Task brief: Word for word, set down every line of the entries below from the line with "The image spans 60.3° horizontally." to the line with "Please draw a", including both, and no other line.

Input for this task:
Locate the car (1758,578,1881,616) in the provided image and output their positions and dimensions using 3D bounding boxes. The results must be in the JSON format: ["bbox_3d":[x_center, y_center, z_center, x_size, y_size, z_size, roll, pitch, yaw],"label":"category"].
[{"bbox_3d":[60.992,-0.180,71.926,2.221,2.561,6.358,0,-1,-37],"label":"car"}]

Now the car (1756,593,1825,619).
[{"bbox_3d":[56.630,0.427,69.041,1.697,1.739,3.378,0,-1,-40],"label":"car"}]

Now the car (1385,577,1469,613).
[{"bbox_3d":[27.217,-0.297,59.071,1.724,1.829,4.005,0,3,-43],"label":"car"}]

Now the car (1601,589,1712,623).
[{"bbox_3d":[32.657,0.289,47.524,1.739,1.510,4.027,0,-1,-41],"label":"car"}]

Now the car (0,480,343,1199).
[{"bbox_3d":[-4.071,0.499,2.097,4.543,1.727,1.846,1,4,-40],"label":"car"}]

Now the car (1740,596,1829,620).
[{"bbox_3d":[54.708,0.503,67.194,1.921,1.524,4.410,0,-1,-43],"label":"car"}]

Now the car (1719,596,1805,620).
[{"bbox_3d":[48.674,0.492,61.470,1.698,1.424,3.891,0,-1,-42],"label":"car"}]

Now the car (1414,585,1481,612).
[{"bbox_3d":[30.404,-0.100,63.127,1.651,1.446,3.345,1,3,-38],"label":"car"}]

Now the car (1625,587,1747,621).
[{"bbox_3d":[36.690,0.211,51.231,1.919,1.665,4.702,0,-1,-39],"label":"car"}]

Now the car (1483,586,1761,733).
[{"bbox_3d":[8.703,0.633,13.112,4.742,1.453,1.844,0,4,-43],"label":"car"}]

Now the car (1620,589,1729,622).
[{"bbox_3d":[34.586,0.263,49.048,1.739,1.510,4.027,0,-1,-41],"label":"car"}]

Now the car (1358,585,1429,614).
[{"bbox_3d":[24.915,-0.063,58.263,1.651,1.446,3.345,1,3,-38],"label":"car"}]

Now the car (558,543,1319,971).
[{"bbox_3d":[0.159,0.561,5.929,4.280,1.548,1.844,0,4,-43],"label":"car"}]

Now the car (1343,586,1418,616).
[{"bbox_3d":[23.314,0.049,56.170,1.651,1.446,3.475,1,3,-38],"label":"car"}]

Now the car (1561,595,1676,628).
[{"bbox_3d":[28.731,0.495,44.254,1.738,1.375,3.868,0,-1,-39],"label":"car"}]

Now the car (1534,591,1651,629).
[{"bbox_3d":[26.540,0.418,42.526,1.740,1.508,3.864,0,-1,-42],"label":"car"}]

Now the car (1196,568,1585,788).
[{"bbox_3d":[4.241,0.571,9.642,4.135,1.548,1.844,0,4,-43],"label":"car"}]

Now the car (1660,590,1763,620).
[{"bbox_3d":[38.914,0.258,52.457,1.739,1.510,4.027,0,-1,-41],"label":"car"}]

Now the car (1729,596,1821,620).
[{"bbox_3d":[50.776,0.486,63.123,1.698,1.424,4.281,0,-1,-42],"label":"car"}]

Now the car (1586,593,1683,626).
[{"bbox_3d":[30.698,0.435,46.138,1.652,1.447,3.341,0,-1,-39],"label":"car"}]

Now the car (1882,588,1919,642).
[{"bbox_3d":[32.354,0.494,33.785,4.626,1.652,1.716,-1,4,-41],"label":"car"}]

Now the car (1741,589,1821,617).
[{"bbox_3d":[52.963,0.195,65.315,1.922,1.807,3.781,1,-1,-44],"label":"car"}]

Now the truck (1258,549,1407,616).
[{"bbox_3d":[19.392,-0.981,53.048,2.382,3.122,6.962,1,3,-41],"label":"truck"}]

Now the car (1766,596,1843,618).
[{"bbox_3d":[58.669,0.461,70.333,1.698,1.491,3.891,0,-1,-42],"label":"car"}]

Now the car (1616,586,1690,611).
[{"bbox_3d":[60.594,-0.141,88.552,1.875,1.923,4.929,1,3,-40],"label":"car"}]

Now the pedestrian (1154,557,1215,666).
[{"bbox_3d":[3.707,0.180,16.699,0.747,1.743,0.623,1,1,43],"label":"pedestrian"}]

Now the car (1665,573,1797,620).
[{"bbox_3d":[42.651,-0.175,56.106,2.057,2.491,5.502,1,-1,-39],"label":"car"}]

==

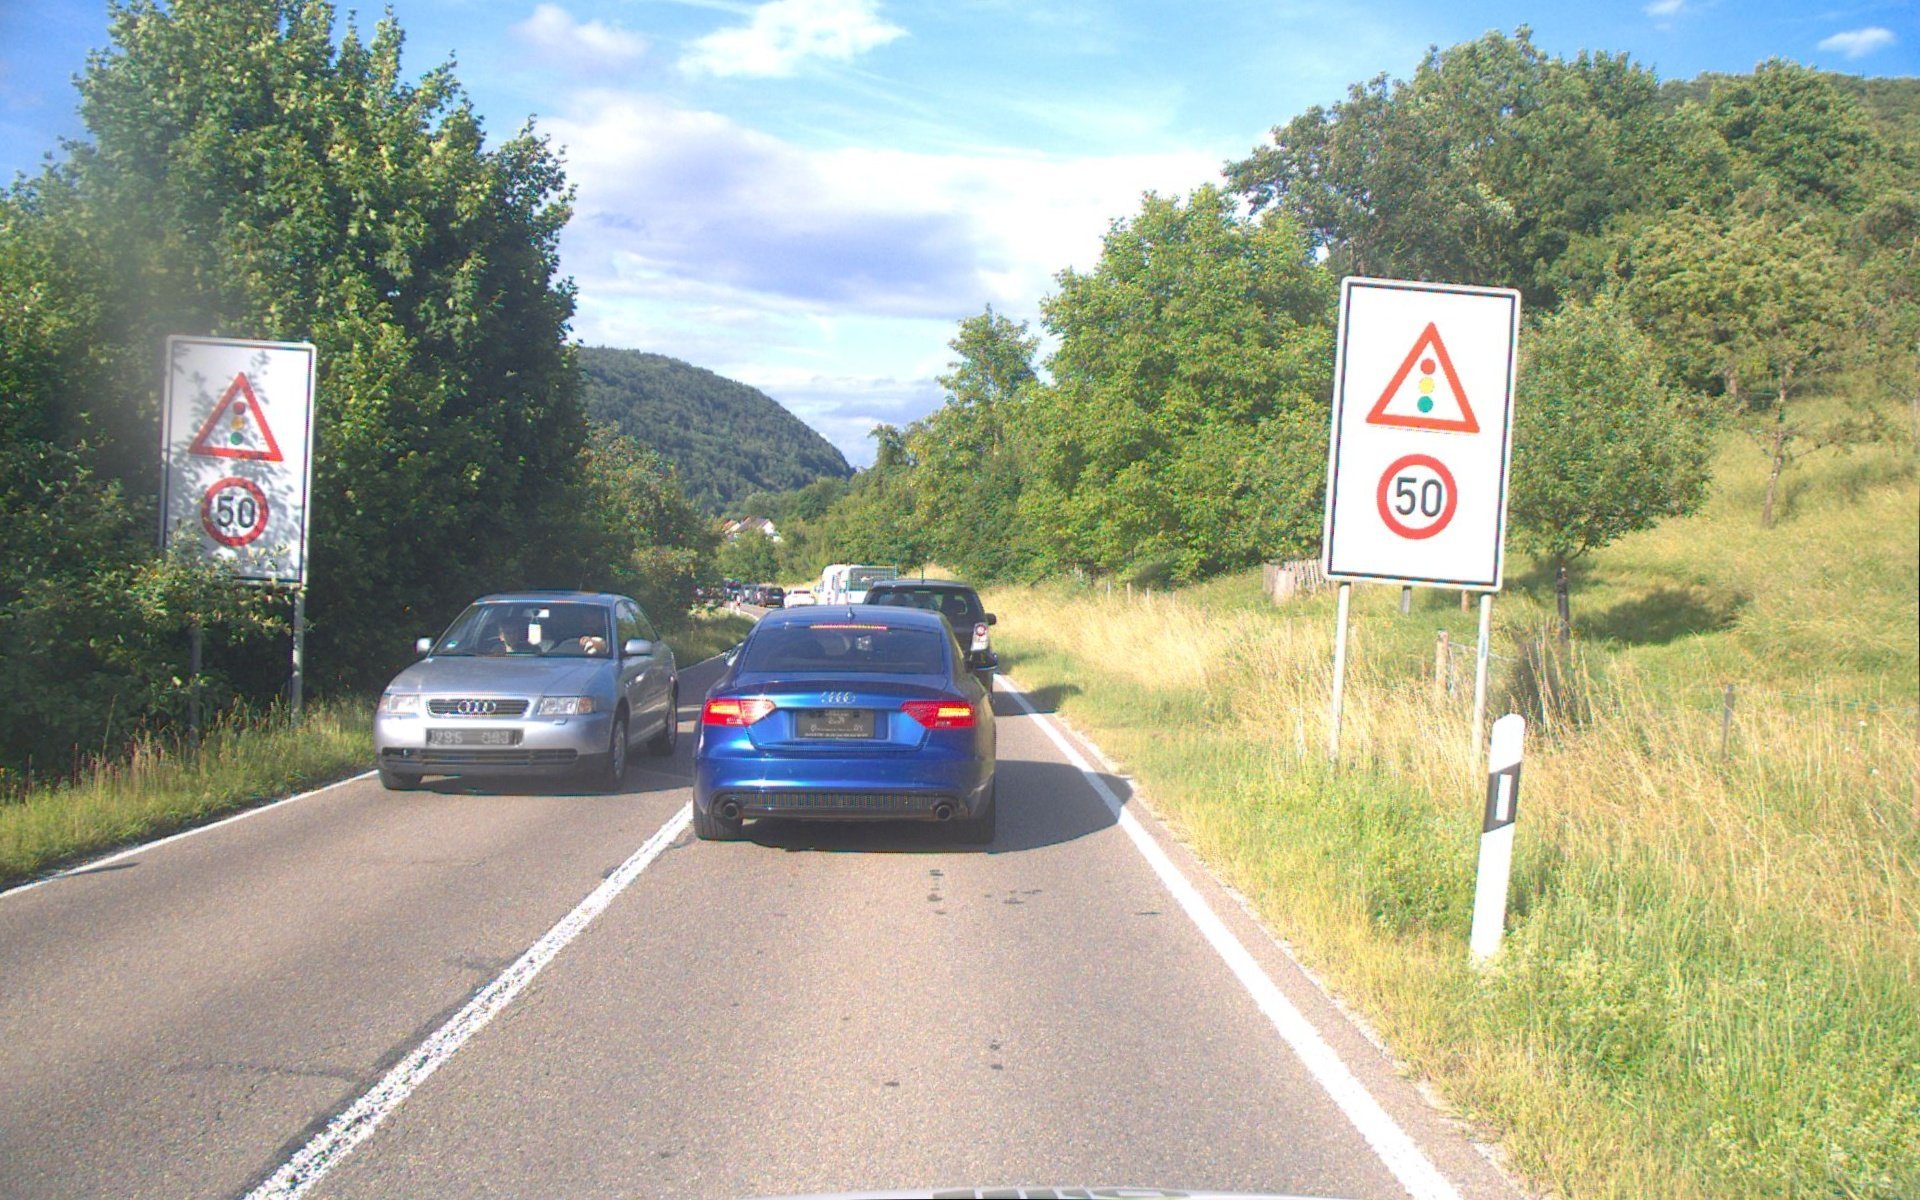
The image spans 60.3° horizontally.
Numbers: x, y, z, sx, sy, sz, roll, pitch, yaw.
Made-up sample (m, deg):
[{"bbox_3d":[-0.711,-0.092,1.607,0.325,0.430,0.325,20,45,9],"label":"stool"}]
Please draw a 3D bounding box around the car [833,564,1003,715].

Response:
The image spans 60.3° horizontally.
Numbers: x, y, z, sx, sy, sz, roll, pitch, yaw.
Made-up sample (m, deg):
[{"bbox_3d":[-0.711,-0.092,1.607,0.325,0.430,0.325,20,45,9],"label":"stool"}]
Please draw a 3D bounding box around the car [833,564,1003,715].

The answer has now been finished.